Maka dalam hal ini harus berpijak secara mumi kepada syara’. Di samping itu menisbatkan nama kepada Allah padahal Dia tidak menisbatkannya kepada Diri-Nya merupakan kejahatan terhadap-Nya, karena bersikap penuh adab kepada-Nya merupakan kewajiban.
Iman kepada nama Allah tidak terwujud kecuali dengan menetapkan semua itu.
Sebagai contoh, nama Allah yang tidak transitif adalah al ‘Azhim (Mahaagung), maka iman kepadanya tidak terwujud sehingga Anda; pertama, meyakininya sebagai salah satu nama Allah yang menunjukkan kepada Dzat Allah, dan kedua, menetapkan kandungannya berupa sifat yaitu al-Azhamah (keagungan).

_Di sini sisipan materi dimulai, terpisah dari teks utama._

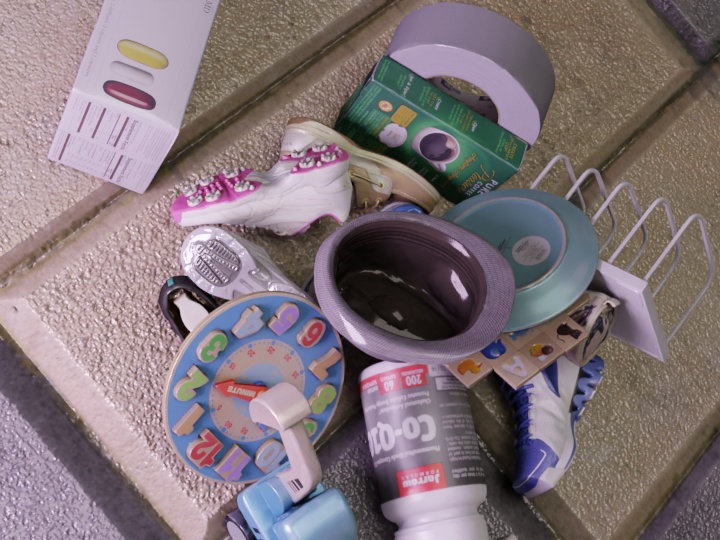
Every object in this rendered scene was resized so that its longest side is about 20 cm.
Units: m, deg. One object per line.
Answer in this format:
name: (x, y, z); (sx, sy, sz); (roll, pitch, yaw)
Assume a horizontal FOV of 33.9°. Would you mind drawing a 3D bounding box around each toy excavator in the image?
toy excavator: (-0.057, 0.212, 1.115); (0.099, 0.200, 0.196); (-28, 84, -30)

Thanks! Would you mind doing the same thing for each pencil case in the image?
pencil case: (0.186, 0.028, 1.286); (0.199, 0.090, 0.077); (29, 30, 34)

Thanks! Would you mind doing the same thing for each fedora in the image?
fedora: (0.047, 0.032, 1.176); (0.197, 0.091, 0.178); (14, 54, 1)

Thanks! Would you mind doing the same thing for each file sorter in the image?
file sorter: (0.278, -0.022, 1.318); (0.199, 0.139, 0.125); (30, 72, 39)

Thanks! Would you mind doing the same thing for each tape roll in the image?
tape roll: (0.119, -0.210, 1.352); (0.199, 0.200, 0.067); (29, 62, -12)

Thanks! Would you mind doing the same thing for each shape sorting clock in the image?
shape sorting clock: (-0.100, 0.117, 1.151); (0.198, 0.039, 0.202); (-13, 118, -26)

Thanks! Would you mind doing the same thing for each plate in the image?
plate: (0.152, -0.021, 1.252); (0.197, 0.026, 0.202); (-9, 47, 10)

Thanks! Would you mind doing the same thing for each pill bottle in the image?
pill bottle: (0.068, 0.195, 1.228); (0.113, 0.114, 0.203); (-3, 72, -25)

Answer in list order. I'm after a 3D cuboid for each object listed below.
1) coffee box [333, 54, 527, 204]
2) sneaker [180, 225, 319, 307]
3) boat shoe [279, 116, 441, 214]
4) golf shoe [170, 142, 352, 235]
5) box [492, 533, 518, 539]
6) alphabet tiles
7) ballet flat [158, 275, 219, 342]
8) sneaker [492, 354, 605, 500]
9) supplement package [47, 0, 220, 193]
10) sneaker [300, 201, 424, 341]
coffee box: (0.079, -0.154, 1.361); (0.199, 0.123, 0.044); (29, 59, -10)
sneaker: (-0.096, 0.022, 1.234); (0.078, 0.099, 0.200); (-41, 98, 12)
boat shoe: (-0.004, -0.102, 1.338); (0.198, 0.074, 0.067); (25, 78, -15)
golf shoe: (-0.101, -0.068, 1.263); (0.197, 0.076, 0.092); (-15, 120, -1)
box: (0.092, 0.361, 1.198); (0.199, 0.078, 0.096); (-26, 82, -30)
alphabet tiles: (0.134, 0.038, 1.233); (0.166, 0.006, 0.200); (-33, 49, -18)
ballet flat: (-0.139, 0.091, 1.198); (0.068, 0.068, 0.200); (-41, 89, -6)
sneaker: (0.191, 0.149, 1.329); (0.114, 0.081, 0.200); (33, 54, -6)
supplement package: (-0.229, -0.212, 1.221); (0.110, 0.156, 0.202); (20, 64, -16)
sneaker: (0.000, 0.000, 1.270); (0.077, 0.085, 0.201); (39, 79, -6)

Dan contoh nama Allah yang transitif adalah ar-Rahman, maka iman kepadanya tidak terwujud sehingga Anda; pertama, meyakininya sebagai salah satu nama Allah yang menunjukkan kepada Dzat-Nya, kedua, mengimani sifat yang dikandungnya yaitu ar-Rahmah (sayang), dan ketiga, pengaruh darinya yaitu bahwa Allah merahmati siapa yang Dia kehendaki.[v]
Jumlah Asmaul Husna
Jumlah Asmaul Husna berdasarkan kaidah ke dua tentang Asmaul Husna yang disebutkan oleh Syaikh Muhammad bin Shalih al-Utsaimin di atas adalah tidak terbatas hanya pada 99 nama yang telah beredar luas di tengah masyarakat.

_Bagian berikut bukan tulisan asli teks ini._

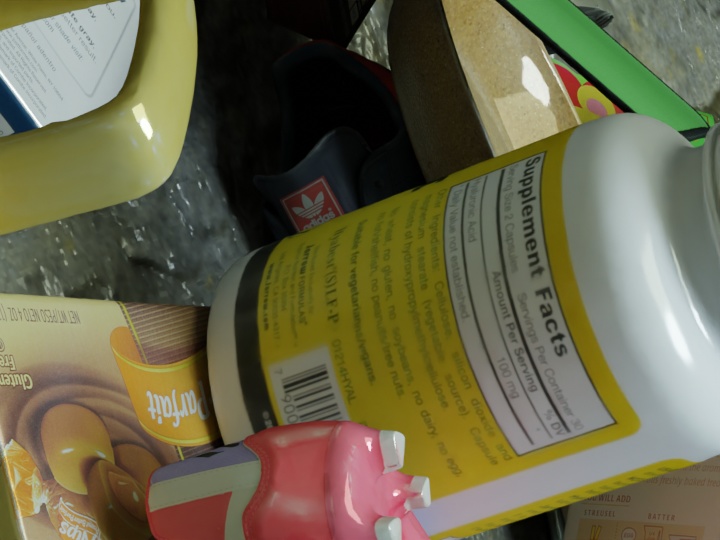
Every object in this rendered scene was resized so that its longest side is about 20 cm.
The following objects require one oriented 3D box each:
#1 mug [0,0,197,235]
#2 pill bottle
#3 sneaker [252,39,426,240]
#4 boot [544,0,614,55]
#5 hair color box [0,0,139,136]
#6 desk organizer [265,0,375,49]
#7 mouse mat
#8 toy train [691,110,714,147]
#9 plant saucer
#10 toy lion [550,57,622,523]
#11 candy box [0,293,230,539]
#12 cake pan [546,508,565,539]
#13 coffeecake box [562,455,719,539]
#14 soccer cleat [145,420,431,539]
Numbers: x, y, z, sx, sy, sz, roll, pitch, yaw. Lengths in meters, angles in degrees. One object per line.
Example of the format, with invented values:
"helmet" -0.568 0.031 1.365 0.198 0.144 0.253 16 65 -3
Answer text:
"mug" -0.142 -0.024 0.726 0.154 0.185 0.150 -89 -168 -52
"pill bottle" 0.061 0.017 0.909 0.111 0.199 0.112 44 35 -44
"sneaker" 0.000 0.000 1.078 0.084 0.075 0.201 40 29 -48
"boot" 0.055 -0.195 1.300 0.182 0.072 0.201 -28 105 -87
"hair color box" -0.114 -0.111 0.946 0.100 0.060 0.200 55 30 -25
"desk organizer" -0.034 -0.172 1.083 0.072 0.077 0.200 -58 160 -21
"mouse mat" 0.058 -0.098 1.023 0.161 0.008 0.200 42 11 7
"toy train" 0.140 -0.005 1.183 0.056 0.042 0.200 17 33 -8
"plant saucer" 0.057 -0.040 1.118 0.201 0.035 0.201 58 17 -28
"toy lion" 0.097 0.001 1.233 0.192 0.069 0.200 44 39 -2
"candy box" -0.072 0.071 0.902 0.200 0.055 0.116 6 67 -62
"cake pan" 0.145 0.124 1.302 0.200 0.037 0.201 42 37 -43
"coffeecake box" 0.141 0.119 0.991 0.073 0.153 0.201 18 78 -36
"soccer cleat" -0.003 0.110 0.891 0.200 0.076 0.067 66 25 -52

Memang ada sebuah hadits shahih yang menyebutkan bahwa Allah memiliki 99 Asmaul Husna, yaitu:
إِنَّ لِلَّهِ تِسْعَةً وَتِسْعِينَ اسْمًا مِائَةً إِلَّا وَاحِدًا مَنْ أَحْصَاهَا دَخَلَ الْجَنَّةَ
“Sesungguhnya Allah mempunyai sembilan puluh sembilan nama, seratus kurang satu; barangsiapa meng-ihsha’nya (menghafalnya) maka dia masuk surga.” [Hadits riwayat Al-Bukhari (6410) dan Muslim (2677)

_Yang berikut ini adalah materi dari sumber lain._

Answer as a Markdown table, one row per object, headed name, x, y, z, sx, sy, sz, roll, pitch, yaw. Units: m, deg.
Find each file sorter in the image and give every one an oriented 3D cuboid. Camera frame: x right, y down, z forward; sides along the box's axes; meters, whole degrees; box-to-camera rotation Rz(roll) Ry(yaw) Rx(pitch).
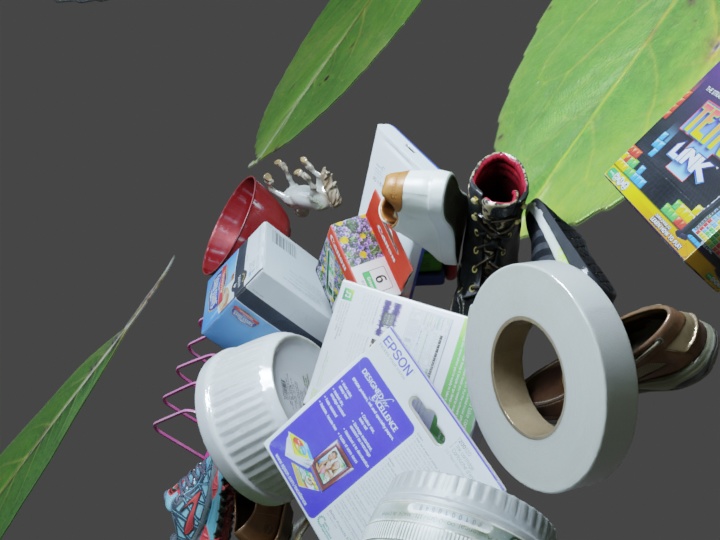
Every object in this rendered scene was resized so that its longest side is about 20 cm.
| name | x | y | z | sx | sy | sz | roll | pitch | yaw |
| --- | --- | --- | --- | --- | --- | --- | --- | --- | --- |
| file sorter | -0.208 | 0.171 | 1.414 | 0.139 | 0.125 | 0.201 | -26 | 35 | 45 |

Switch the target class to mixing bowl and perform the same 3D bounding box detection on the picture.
| name | x | y | z | sx | sy | sz | roll | pitch | yaw |
| --- | --- | --- | --- | --- | --- | --- | --- | --- | --- |
| mixing bowl | -0.197 | -0.062 | 1.715 | 0.200 | 0.108 | 0.201 | -49 | 26 | 35 |

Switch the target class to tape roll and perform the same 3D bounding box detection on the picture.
| name | x | y | z | sx | sy | sz | roll | pitch | yaw |
| --- | --- | --- | --- | --- | --- | --- | --- | --- | --- |
| tape roll | 0.159 | 0.091 | 0.815 | 0.203 | 0.037 | 0.204 | 24 | 117 | 60 |

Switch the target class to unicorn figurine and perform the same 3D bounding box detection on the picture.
| name | x | y | z | sx | sy | sz | roll | pitch | yaw |
| --- | --- | --- | --- | --- | --- | --- | --- | --- | --- |
| unicorn figurine | -0.106 | -0.142 | 1.683 | 0.074 | 0.138 | 0.200 | -47 | 37 | -13 |

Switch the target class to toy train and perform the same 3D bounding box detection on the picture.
| name | x | y | z | sx | sy | sz | roll | pitch | yaw |
| --- | --- | --- | --- | --- | --- | --- | --- | --- | --- |
| toy train | 0.078 | -0.079 | 1.218 | 0.201 | 0.084 | 0.116 | -91 | -1 | -55 |

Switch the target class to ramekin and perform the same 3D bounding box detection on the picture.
| name | x | y | z | sx | sy | sz | roll | pitch | yaw |
| --- | --- | --- | --- | --- | --- | --- | --- | --- | --- |
| ramekin | -0.093 | 0.171 | 1.127 | 0.105 | 0.200 | 0.201 | -29 | 32 | 25 |

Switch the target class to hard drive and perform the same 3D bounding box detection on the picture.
| name | x | y | z | sx | sy | sz | roll | pitch | yaw |
| --- | --- | --- | --- | --- | --- | --- | --- | --- | --- |
| hard drive | 0.038 | -0.057 | 1.132 | 0.132 | 0.025 | 0.201 | 51 | 138 | 46 |

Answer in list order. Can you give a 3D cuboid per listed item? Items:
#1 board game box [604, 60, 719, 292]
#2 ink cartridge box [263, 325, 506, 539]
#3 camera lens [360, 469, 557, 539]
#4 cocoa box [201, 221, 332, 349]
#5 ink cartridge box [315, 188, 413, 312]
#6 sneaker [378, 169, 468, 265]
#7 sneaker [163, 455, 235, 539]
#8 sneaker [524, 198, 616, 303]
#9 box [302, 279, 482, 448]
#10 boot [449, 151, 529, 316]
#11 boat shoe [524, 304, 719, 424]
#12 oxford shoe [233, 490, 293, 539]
| name | x | y | z | sx | sy | sz | roll | pitch | yaw |
| --- | --- | --- | --- | --- | --- | --- | --- | --- | --- |
| board game box | 0.335 | -0.096 | 0.868 | 0.165 | 0.057 | 0.200 | -47 | 24 | 16 |
| ink cartridge box | 0.024 | 0.193 | 0.923 | 0.200 | 0.043 | 0.199 | -44 | 65 | 20 |
| camera lens | 0.059 | 0.279 | 0.728 | 0.160 | 0.160 | 0.201 | -20 | 40 | 51 |
| cocoa box | -0.097 | 0.061 | 1.266 | 0.131 | 0.200 | 0.134 | -44 | 25 | 21 |
| ink cartridge box | 0.000 | 0.000 | 1.094 | 0.050 | 0.109 | 0.200 | -19 | -18 | -17 |
| sneaker | 0.069 | -0.063 | 1.014 | 0.084 | 0.200 | 0.073 | 9 | 73 | 16 |
| sneaker | -0.208 | 0.289 | 1.197 | 0.079 | 0.095 | 0.201 | -16 | -60 | -79 |
| sneaker | 0.195 | -0.004 | 0.979 | 0.083 | 0.072 | 0.200 | -45 | 25 | 19 |
| box | 0.047 | 0.104 | 0.975 | 0.199 | 0.036 | 0.145 | 17 | 86 | 32 |
| boot | 0.141 | -0.018 | 1.009 | 0.201 | 0.073 | 0.151 | -71 | -14 | -47 |
| boat shoe | 0.215 | 0.078 | 0.829 | 0.200 | 0.072 | 0.076 | -32 | 31 | 40 |
| oxford shoe | -0.124 | 0.269 | 1.195 | 0.071 | 0.071 | 0.200 | -44 | 23 | 24 |

Menurut Syaikh al-‘Utsaimin rahimahullah, hadits tersebut tidak bermakna membatasi jumlah nama Allah hanya 99. Beliau menyatakan, ” Makna hadits ini, di antara nama-nama Allah, ada sembilan puluh sembilan nama, siapa yang meng-ihsha’ (menghafal) sembilan puluh sembilan nama ini, maka dia masuk surga.
Ini bukan berarti pembatasan terhadap nama-nama Allah dengan jumlah sembilan puluh sembilan saja. Sama dengan hal itu kalau Anda berkata, ”Aku mempunyai seratus dirham yang aku siapkan untuk sedekah.”
Ini tidak berarti bahwa hanya itu uang Anda. Ada kemungkinan Anda masih mempunyai uang lain yang Anda siapkan untuk selain sedekah.[vi]
Daftar 99 Asmaul Husna
Di masyarakat Muslim telah beredar luas 99 nama Allah . Rincian nama-nama ini biasa ditulis di sampul dalam Mushaf Al-Quran di Indonesia. Hal ini disandarkan kepada sebuah hadits yang diriwayatkan oleh Imam At -Tirmidzi.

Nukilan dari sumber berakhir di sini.